O Tarot é um mecanismo de autoconhecimento. O Tarot contém uma simbologia que compila os
princípios fundamentais da natureza humana e da compreensão da existência. Carl Gustav Jung
chamou estes símbolos de arquétipos, conjuntos de imagens primordiais, armazenadas no
inconsciente coletivo da humanidade. Suas 78 cartas são como portões de sabedoria, cujos símbolos
falam à intuição, muito mais que à razão. O Tarot é como um livro que, aberto, percebe-se ser um
espelho que reflete a alma do próprio leitor. Assim, seu uso para adivinhações é puro charlatanismo
sem sentido. Cabe ao leitor usar sua intuição para interpretá-lo.

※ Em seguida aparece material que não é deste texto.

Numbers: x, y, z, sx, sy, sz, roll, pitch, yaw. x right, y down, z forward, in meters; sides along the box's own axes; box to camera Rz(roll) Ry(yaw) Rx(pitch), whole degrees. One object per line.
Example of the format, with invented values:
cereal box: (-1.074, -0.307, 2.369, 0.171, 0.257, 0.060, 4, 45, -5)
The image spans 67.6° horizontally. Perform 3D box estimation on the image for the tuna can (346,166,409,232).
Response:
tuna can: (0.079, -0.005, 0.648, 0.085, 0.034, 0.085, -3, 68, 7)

Alejandro Jodorowsky, cineasta, escritor, alquimista e tarólogo, trabalhou junto com o herdeiro da
Camoin (a gráfica que imprimiu o Tarot de Marselha entre 1760 e 1890, cujo gravador chamava-se
Nicolas Conver) na restauração do Tarot de Marselha. Seu trabalho trás luz e renova o estudo do
Tarot. Estes apontamentos são derivados do meu estudo do livro “O Caminho do Tarot” de
Jodorowsky.
Jodorowsky aponta para a existência de uma estrutura que conecta as cartas do baralho do Tarot.
Esta estrutura é o tema principal deste trabalho.

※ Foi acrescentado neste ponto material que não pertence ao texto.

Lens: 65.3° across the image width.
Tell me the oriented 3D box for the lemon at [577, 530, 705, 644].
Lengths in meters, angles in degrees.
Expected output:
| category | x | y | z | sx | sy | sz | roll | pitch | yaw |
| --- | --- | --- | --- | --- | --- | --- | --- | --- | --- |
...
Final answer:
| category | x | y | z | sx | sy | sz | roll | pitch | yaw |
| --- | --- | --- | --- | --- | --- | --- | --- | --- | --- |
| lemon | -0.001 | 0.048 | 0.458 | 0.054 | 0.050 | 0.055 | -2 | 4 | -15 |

4. Segundo Jodorowsky, a forma como as cartas do baralho são numeradas demonstra que a
construção do Tarot de Marselha é sempre progressiva, aditiva, e nunca subtrativa. Observe-se que
os números das cartas 4 e 9 não são representados usando a forma com que os números romanos são
definidos, 4=IV=5-1 e 9=IX=10-1, mas como 4=IIII=3+1 e 9=VIIII=8+1.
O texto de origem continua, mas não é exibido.